Venn published a precedent-setting work, The Logic of Chance, which explained the frequency theory of probability. He argued that probability, contrary to widespread assumption, should be established based on the regularity with which something is predicted to occur.

In another book, Symbolic Logic, he built on and developed mathematician George Boole’s theories on algebra. This work helped him develop the Venn diagram.

**Venn diagram history**

Venn diagrams are named after British logician John Venn. He wrote about them in an 1880 paper entitled “On the Diagrammatic and Mechanical Representation of Propositions and Reasonings” in the Philosophical Magazine and Journal of Science.

But the roots of this type of diagram go back much further, at least 600 years. In the 1200s, philosopher and logician Ramon Llull (sometimes spelled Lull) of Majorca used a similar type of diagram, wrote author M.E. Baron in a 1969 article tracing their history.

She also credited German mathematician and philosopher Gottfried Wilhelm von Leibnitz with drawing similar diagrams in the late 1600s.

In the 1700s, Swiss mathematician Leonard Euler (pronounced Oy-ler) invented what came to be known as the Euler Diagram, the most direct forerunner of the Venn Diagram. John Venn referred to his diagrams as Eulerian Circles, not Venn Diagrams.

The term Venn Diagrams was first published by American philosopher Clarence Irving (C.I.) Lewis, in his 1918 book, A Survey of Symbolic Logic.

Venn Diagrams continued to evolve over the past 60 years with advances by experts David W. Henderson, Peter Hamburger, Jerrold Griggs, Charles E. “Chip” Killian, and Carla D. Savage.

Their work concerned symmetric Venn Diagrams and their relationship to prime numbers, or numbers indivisible by other numbers except 1 and the number itself. One such symmetric diagram, based on prime number 7, is widely known in math circles as Victoria.

Other notable names in the development of Venn Diagrams are A.W.F. Edwards, Branko Grunbaum, and Henry John Stephen Smith. They changed the shapes in the diagrams to allow simpler depiction of Venn Diagrams at increasing numbers of sets.

**Applications for Venn Diagrams**

Venn diagrams depict how items relate to each other against an overall backdrop, universe, data set, or environment.
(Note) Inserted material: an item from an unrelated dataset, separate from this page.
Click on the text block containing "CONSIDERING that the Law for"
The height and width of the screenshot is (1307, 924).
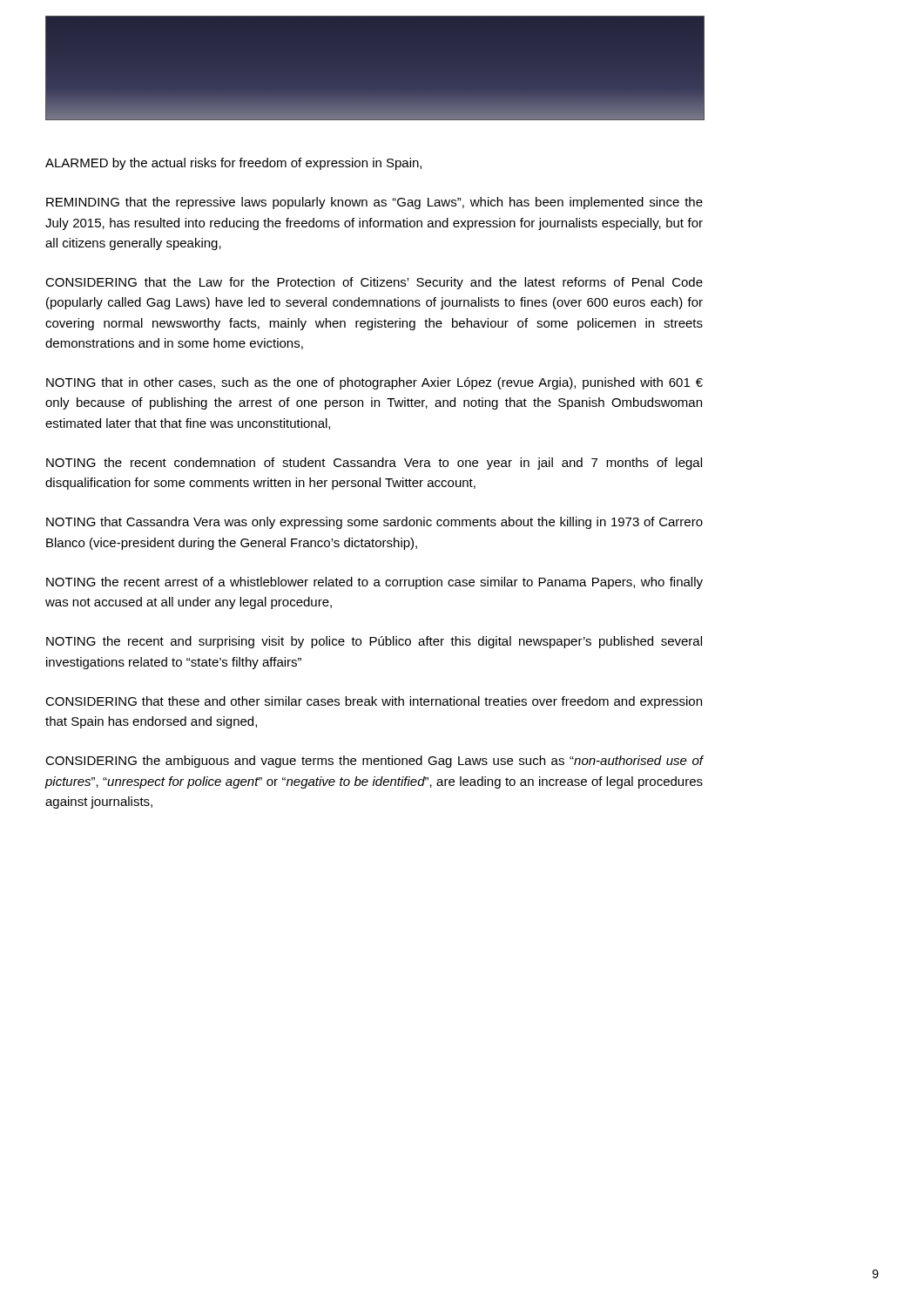pyautogui.click(x=374, y=312)

A Venn diagram could be used, for example, to compare two companies within the same industry by illustrating the products both companies offer (where circles overlap) and the products that are exclusive to each company (outer circles).

At a basic level, Venn diagrams are simple pictorial representations of the relationship between two sets of things. However, they can be much more complex.

Still, the Venn diagram’s streamlined purpose to illustrate concepts and groups has led to their popularized use in many fields, including statistics, linguistics, logic, education, computer science, and business.

**Example of Venn diagram**

Say our universe is pets, and we want to compare which type of pet our family might agree on

Set A contains my preferences: dog, bird, hamster.

Set B contains Family Member B’s preferences: dog, cat, fish.

Set C contains Family Member C’s preferences: dog, cat, turtle, snake.

The overlap, or intersection, of the three sets, contains only dog. Looks like we’re getting a dog.

Of course, Venn diagrams can get a lot more involved than that, as they are used extensively in various fields.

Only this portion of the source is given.